> _HOW TO COMPLETE THIS TASK_: Working from the records below, repeat exactly the lines starting at the line that contains "Metres and whole" and ending at the line that contains "2) tray from (676, 708) to (932, 912)", inclusive.

> _MATERIAL TO PROCESS_:
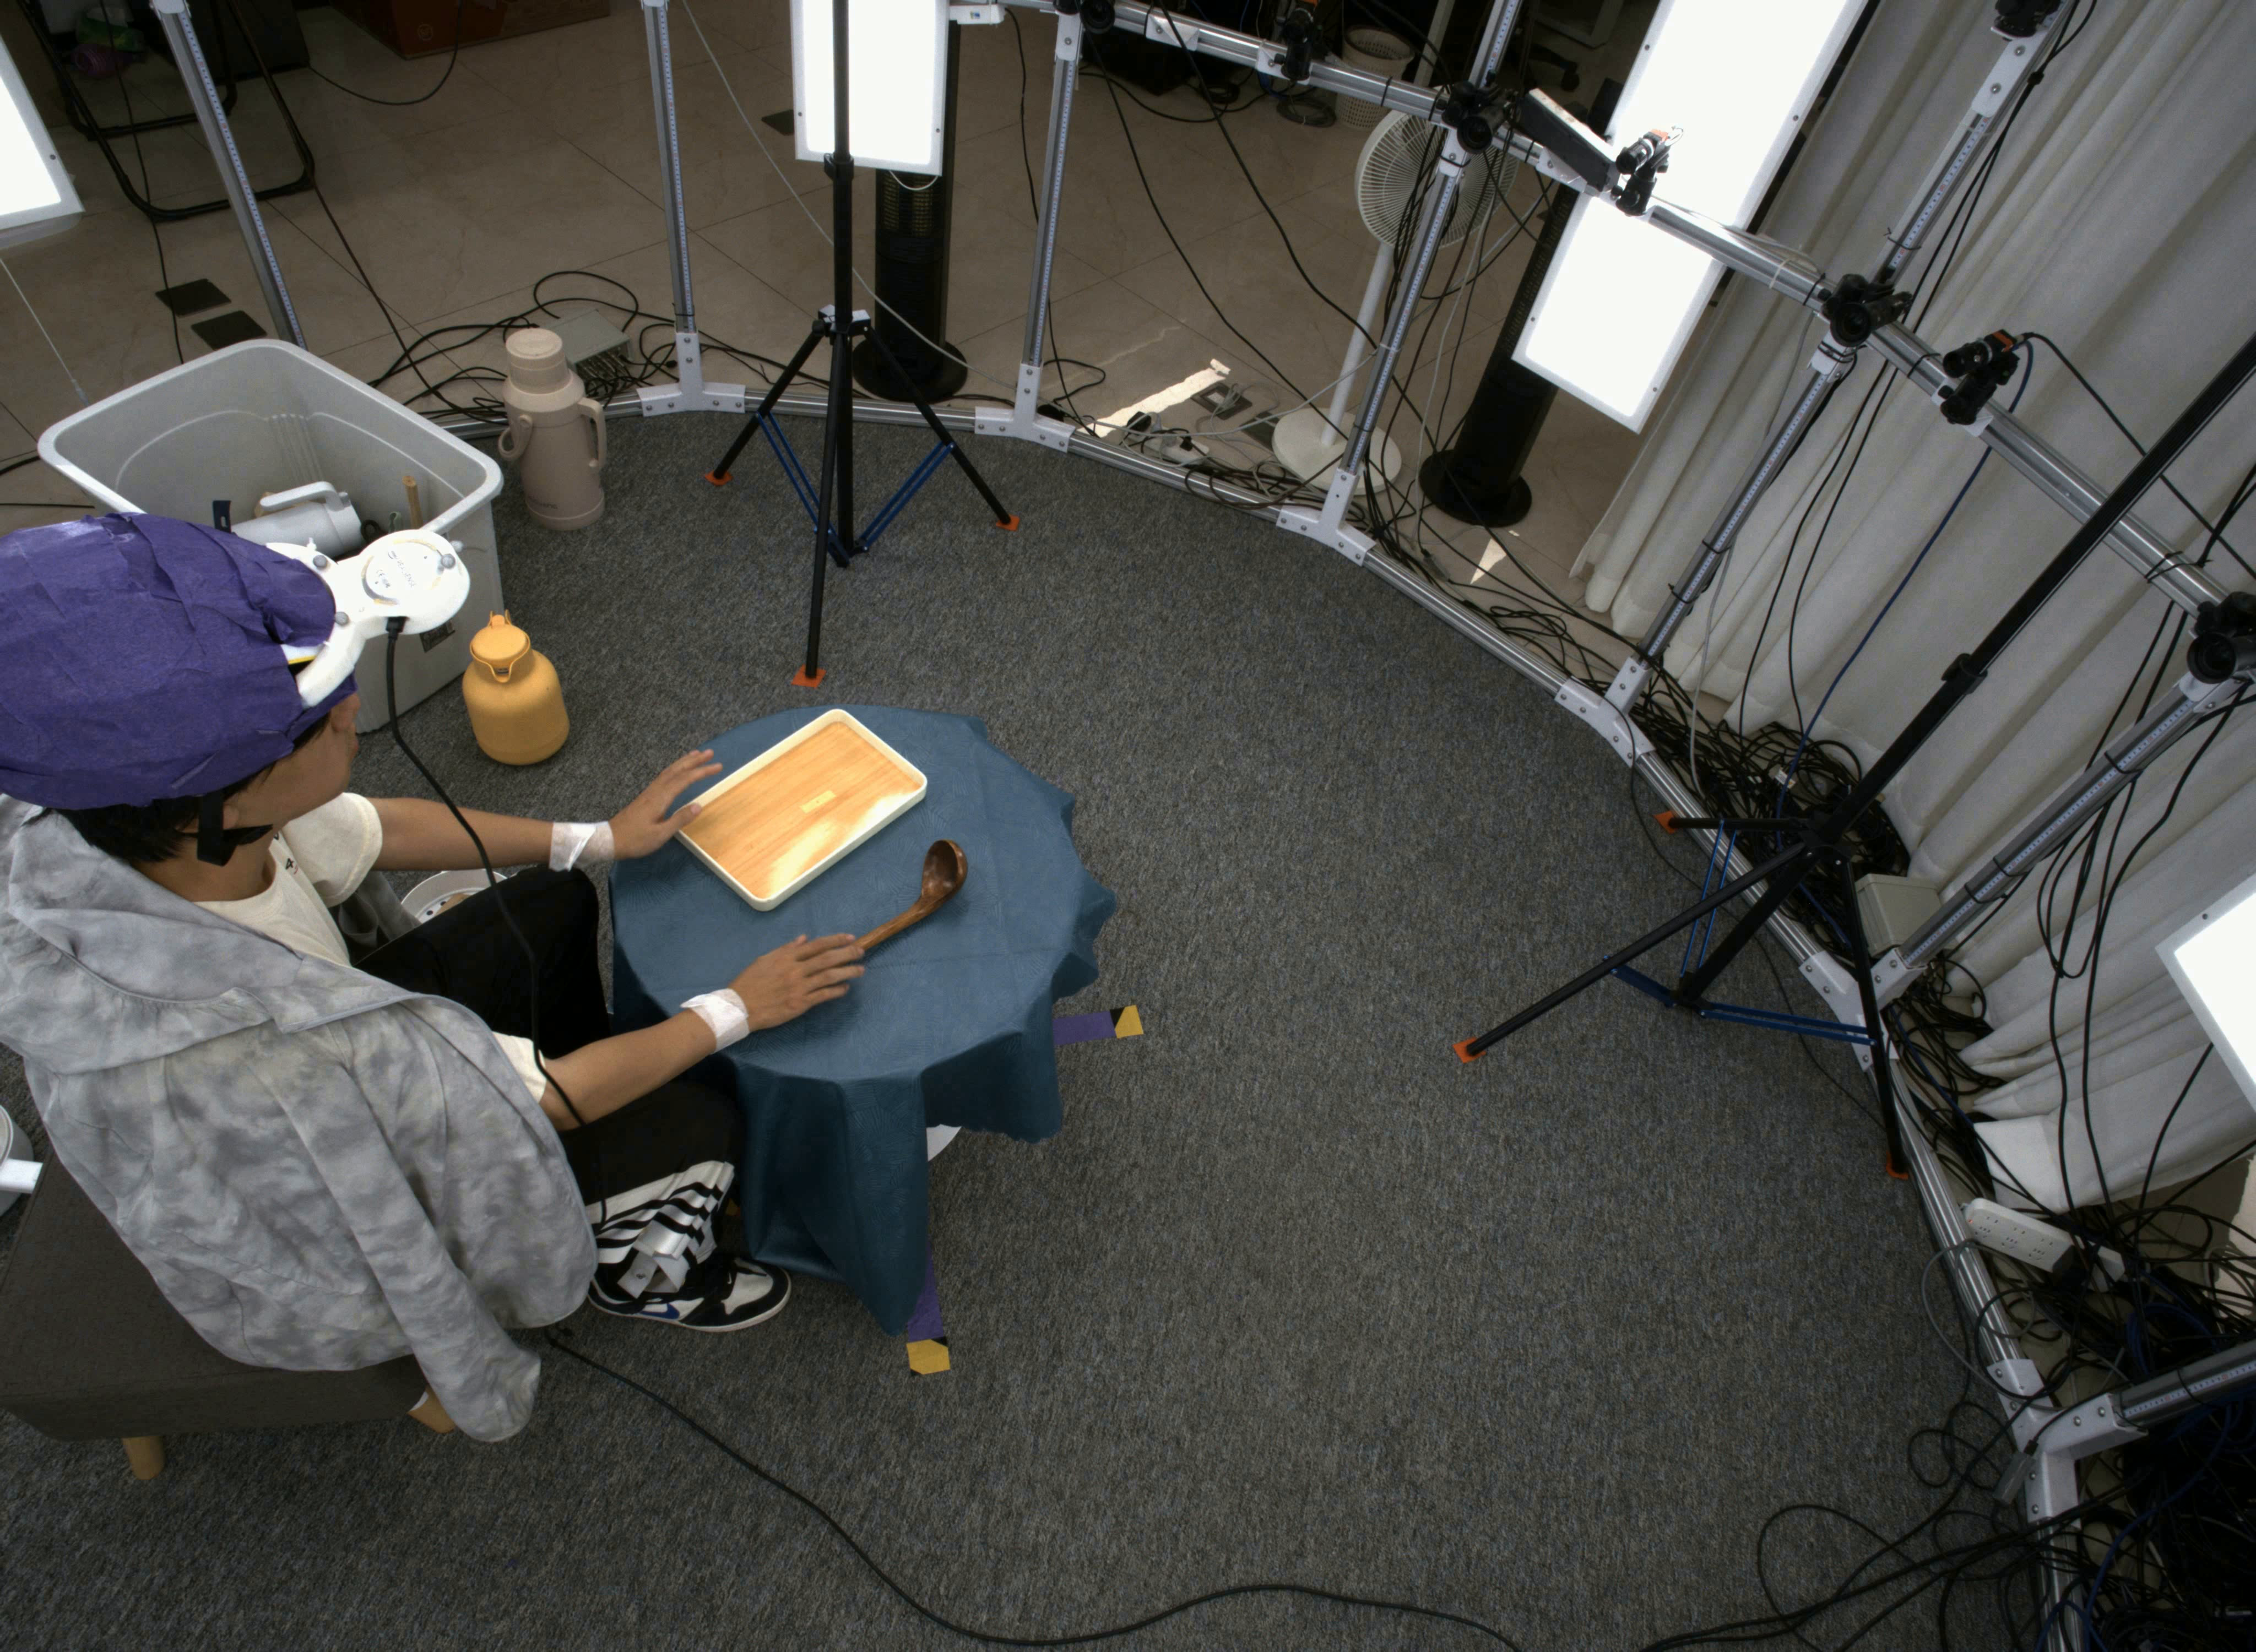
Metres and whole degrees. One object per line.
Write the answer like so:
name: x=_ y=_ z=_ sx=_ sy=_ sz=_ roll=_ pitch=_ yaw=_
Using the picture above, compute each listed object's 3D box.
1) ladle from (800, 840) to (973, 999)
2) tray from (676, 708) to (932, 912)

==

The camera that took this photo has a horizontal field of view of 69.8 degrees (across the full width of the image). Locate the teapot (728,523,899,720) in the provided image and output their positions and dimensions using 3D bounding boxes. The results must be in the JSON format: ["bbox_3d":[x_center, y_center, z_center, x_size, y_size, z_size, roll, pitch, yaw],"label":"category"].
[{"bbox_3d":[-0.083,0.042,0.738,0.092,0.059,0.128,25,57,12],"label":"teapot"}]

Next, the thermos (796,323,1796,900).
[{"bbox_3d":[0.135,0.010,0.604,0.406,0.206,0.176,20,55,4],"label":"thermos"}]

> _OUTPUT FOR THIS EXERCISE_:
Metres and whole degrees. One object per line.
Write the answer like so:
name: x=_ y=_ z=_ sx=_ sy=_ sz=_ roll=_ pitch=_ yaw=_
Using the picture above, compute each listed object's 3D box.
1) ladle from (800, 840) to (973, 999)
2) tray from (676, 708) to (932, 912)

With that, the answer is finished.